JSON format, detached

Refer to RFC 7797 JWS specification:

The detached versions of JSON is similar, but the payload is unsigned. The payload is sent in the body of the message, and the other values are sent in a header. The name of the header is defined as part of the policy definition setup.

The example below shows the same response message used in the previous example, in JSON format with detached payload.

With JSON detached, you put the payload in the body and the rest of the message goes in the header.

Body (payload) 

{
  "PUT-response": "signed JOSE response"
}

Detached header

This example has a protected header, signature, and the headers themselves.

{
  "protected":"eyJraWQiOiJzaWduS2V5IiwiYWxnIjoiUlMyNTYiLCJjdHkiOiJhcHBsaWNhdGlvbi9qc29uIiwiYjY0IjpmYWxzZSwiY3JpdCI6WyJiNjQiXX0",
  "signature":"AuwXL1pWxgQfyS7Scim0uhqGyLyehkQtp4sAaW9Fz5X10HkcAWS5zY4F-xwYeiGb21ZrL6yurxfPPKpkwD9F8W6p1jYqOaEX5leu49r0VDWoWE
lw-X6c9v4PiYRfEu38jwxgbppZkQRke9RyfbO9yQw9ZUgNCo-Q0NIvgcM4JducNz09qsPrHuSJiOQ86TyOyKfug9zsahJ7-rpxxPicvGfVRMlRhGeKNgG57ombDsD
stmZKsRWrVx-tnmLX7aIhz9NL0jOmRf1deh4HAenk7JKPzUgAxZssylmTCivkuV10yrdlIgyUYELkHNz63QQVcXdODHFWvdSHWJvwx_xe2A",
  "header":{
    "kid":"signKey",
    "alg":"RS256",
    "cty":"application/json",
    "b64":false,
    "crit":[
      "b64"
    ]
  }
}

Compact format, not detached

Refer to RFC 7797 JWS specification:

With Compact format, the request is similar in structure, but it's not a JSON object.

It is simply a compact version of the information. The values should be the same if the content is the same.

The example below shows the body (payload) of the same response message used in the previous examples, now in Compact format.

The Compact structure is in three sections:

  1. The protected value, followed by a period separator.
  2. The payload value, followed by a period separator.
  3. The signature (signed with the private key of the sender).
eyJraWQiOiJzaWduS2V5IiwiYWxnIjoiUlMyNTYiLCJjdHkiOiJhcHBsaWNhdGlvbi9qc29uIiwiY3JpdCI6WyJiNjQiXX0.eyJQVVQtcmVzcG9uc2UiOiJzaWduZWQgam9zZSByZXNwb25zZSJ9.damrs8P_kUGDR0RJ6Vn1aB6VDHgGwZZyFXsYwzGLSXvHg60BNsTNn8geKAA-ObcnEDj_5-FTBt42u8Kt0MGkzWcvxkM4iU8mCyAaxqpA1zv_4r0I-bk46Odt9VeKXiLezjRoLLctLvD-LRgVvwNG9EMmwe_qV6tWUCChSdw7cAxH9dthqD3sKmHBtVWEzO1PVWIQn46TuWCEeBla0ggiK6UPYD4fnJCpGiq_3r_6Ygb64YjnjSMScoF2-f8z8mGZptOZsojzlI_bcJ3yFRyzit__uwQcyMBQ73maen9gZnXb48RCy-QTdEAQbhOWXYDe8oCFYaoEOkGZlREUmWcQtQ

Detached header

Not applicable.

Compact format, detached

Refer to RFC 7797 JWS specification:

As with detached JSON, the payload is unsigned, so the middle part of the message, between the two periods, is missing. The raw payload is sent with the request or returned with the response.
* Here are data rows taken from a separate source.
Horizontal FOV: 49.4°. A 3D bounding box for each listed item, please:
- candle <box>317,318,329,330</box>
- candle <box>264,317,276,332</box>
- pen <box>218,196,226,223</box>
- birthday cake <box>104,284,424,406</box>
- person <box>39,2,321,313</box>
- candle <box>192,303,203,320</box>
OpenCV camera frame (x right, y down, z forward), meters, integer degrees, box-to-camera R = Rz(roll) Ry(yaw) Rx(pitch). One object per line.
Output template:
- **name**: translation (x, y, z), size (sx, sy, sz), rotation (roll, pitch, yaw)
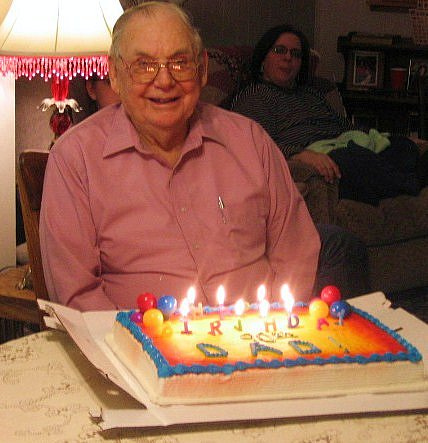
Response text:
- **candle**: translation (0.193, 0.179, 0.808), size (0.014, 0.017, 0.005), rotation (-1, -18, -14)
- **candle**: translation (0.100, 0.182, 0.823), size (0.016, 0.021, 0.018), rotation (0, -2, 1)
- **pen**: translation (0.020, -0.038, 1.290), size (0.014, 0.080, 0.028), rotation (-9, -11, 0)
- **birthday cake**: translation (0.053, 0.103, 0.879), size (0.496, 0.137, 0.413), rotation (-1, 16, -20)
- **person**: translation (-0.085, -0.169, 1.291), size (0.779, 0.806, 0.379), rotation (-6, 13, -26)
- **candle**: translation (-0.031, 0.168, 0.868), size (0.017, 0.028, 0.006), rotation (3, -10, -17)

In this scenario, the detached payload goes into a header.

The example below shows the body (payload) of the same response message in Compact format with detached payload.

In this example, the structure is in three sections:

  1. The protected value, followed by a period separator.
  2. No payload, just a second period separator.
  3. The signature (signed with a public key).

The detached version is similar to the previous example, but the payload is sent separately in the body, un-encoded, and is not included as the second section of the detached header. The period separators are preserved.

{
  "PUT-response": "signed JOSE response"
}

Detached header

Note the two consecutive periods on line 4, where the payload is missing.

eyJraWQiOiJzaWduS2V5IiwiYWxnIjoiUlMyNTYiLCJjdHkiOiJhcHBsaWNhdGlvbi9qc29uIiwiYjY0IjpmYWxzZSwiY3JpdCI6WyJiNjQiLCJodHRwOi8vb3BlbmJhbmtpbmcub3JnLnVrL2lhdCIsImh0dHA6Ly9vcGVuYmFua2luZy5vcmcudWsvaXNzIl0sImh0dHA6Ly9vcGVuYmFua2luZy5vcmcudWsvaWF0IjoxNTMyNjQzNjExLCJodHRwOi8vb3BlbmJhbmtpbmcub3JnLnVrL2lzcyI6IkNOPW9iam9zZXNpZ25lciwgT1U9QWxpQm9icywgTz1BbGksIEw9TG9uZG9uLCBTVD1Mb25kb24sIEM9R0IgIn0..Eg7LgJakjT9e0eCsin8MtKbtqFxOguvMFA7dT-xpT60nsU1ulZZJvsSYwo_kZxe-06aMIR7dxkXaWT7eH6vPZYSTrzn0KuYRt_VR6uin9D6-QLYLTIDMG8p5VlzqyQlMppzDAJq2plxPoSk2MJC7hMCd76niw-tdnoC4LdhRMZK9YfVt-GUk11a78XarzRGPFJ96tZ4d1qHWTm2eIbIJ10EMHXPPmh5U8HbRuBvFr6UGGnTnuLMVaiPLNHLsbCMNaVm50QjcabxlQWfKgGPSHH-7QmNwRSOubBJD7e7Y-JeLZJ6zGHe4sWECZVwhKFgsBX2jH_ZijIq1jrMdKp5W6w

Online tools for encoding and decoding

In working with JOSE payloads, you can use the following tools for base-64 encoding or decoding:

JOSE Security Policy v2 (Unencoded Payload Support): troubleshooting

This section includes some guidance regarding errors that customers have encountered when using the JOSE Security Policy v2 (Unencoded Payload Support) policy, and the remedies.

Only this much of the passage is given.